*** DATA SECTION ***
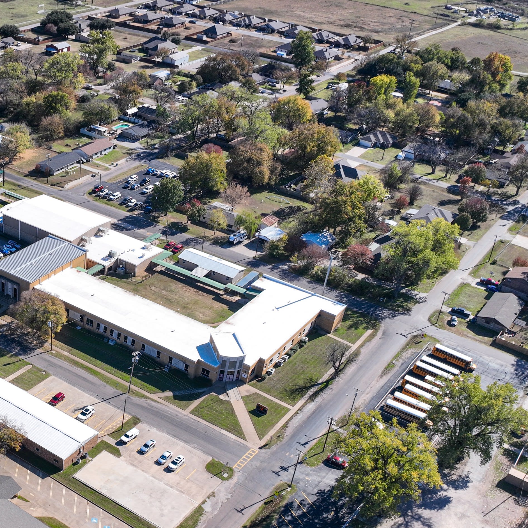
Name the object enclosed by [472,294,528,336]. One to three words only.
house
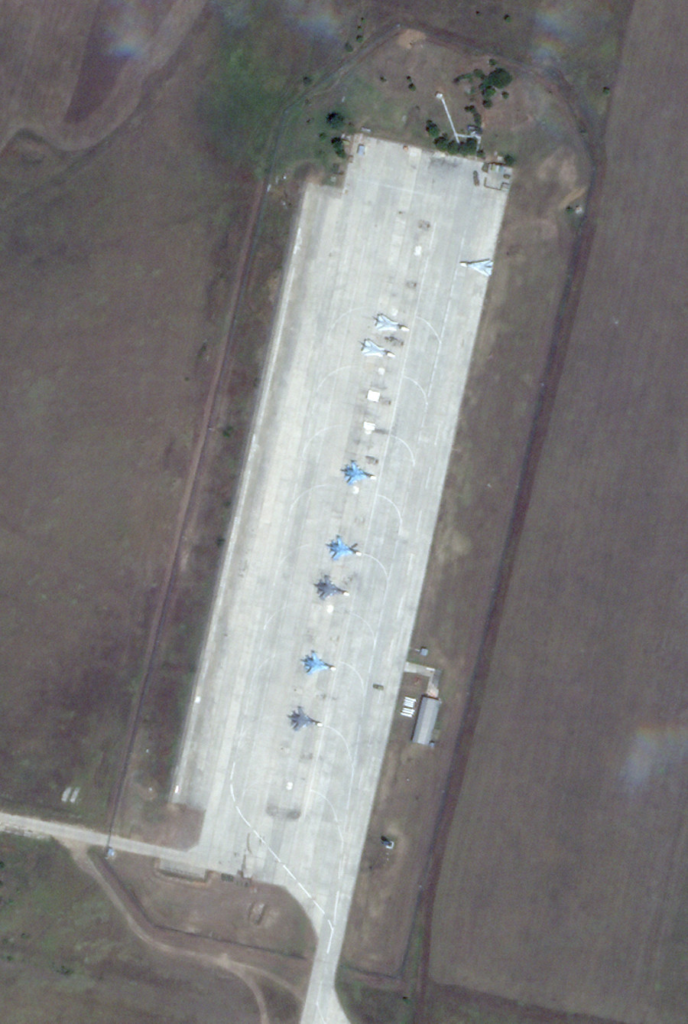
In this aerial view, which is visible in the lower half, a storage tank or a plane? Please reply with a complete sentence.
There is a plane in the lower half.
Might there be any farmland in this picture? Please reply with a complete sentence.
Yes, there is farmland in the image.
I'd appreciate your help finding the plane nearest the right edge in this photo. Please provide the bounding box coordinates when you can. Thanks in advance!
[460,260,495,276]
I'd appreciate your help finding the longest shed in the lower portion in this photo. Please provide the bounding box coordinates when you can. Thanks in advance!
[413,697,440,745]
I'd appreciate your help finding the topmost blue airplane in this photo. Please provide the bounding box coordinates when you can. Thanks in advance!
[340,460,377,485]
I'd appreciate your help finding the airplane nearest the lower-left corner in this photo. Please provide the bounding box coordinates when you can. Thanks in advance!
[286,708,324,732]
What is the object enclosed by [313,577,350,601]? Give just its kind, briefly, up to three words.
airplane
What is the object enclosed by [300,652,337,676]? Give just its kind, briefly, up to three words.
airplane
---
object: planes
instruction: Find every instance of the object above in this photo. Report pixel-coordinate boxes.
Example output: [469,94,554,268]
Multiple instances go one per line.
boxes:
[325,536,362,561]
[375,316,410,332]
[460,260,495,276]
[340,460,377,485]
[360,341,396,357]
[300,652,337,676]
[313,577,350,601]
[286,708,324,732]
*** End of DATA SECTION ***
*** DATA SECTION ***
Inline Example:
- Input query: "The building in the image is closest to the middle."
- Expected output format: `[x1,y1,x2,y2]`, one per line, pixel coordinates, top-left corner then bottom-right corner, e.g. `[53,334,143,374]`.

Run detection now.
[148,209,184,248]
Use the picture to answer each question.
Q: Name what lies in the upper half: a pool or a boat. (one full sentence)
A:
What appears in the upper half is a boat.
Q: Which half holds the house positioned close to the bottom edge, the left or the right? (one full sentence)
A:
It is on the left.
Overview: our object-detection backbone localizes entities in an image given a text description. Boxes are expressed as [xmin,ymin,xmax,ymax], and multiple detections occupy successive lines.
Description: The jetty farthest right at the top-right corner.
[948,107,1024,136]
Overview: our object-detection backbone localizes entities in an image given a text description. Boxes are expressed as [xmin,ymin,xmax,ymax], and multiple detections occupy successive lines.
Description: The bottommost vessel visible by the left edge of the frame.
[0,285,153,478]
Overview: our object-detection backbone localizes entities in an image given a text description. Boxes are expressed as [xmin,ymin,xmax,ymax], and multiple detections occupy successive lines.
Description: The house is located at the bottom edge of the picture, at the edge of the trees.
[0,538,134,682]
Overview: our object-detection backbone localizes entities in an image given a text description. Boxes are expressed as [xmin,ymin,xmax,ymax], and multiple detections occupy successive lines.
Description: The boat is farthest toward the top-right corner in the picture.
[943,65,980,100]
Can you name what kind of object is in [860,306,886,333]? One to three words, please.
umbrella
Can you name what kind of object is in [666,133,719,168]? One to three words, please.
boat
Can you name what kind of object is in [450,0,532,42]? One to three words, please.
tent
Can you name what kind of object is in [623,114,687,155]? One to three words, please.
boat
*** End of DATA SECTION ***
> _WHAT THE EXERCISE ASKS_
Lines from the records above that hold "Example" are the ones to list.

> _TASK RESPONSE_
Example output: [469,94,554,268]
Inline Example:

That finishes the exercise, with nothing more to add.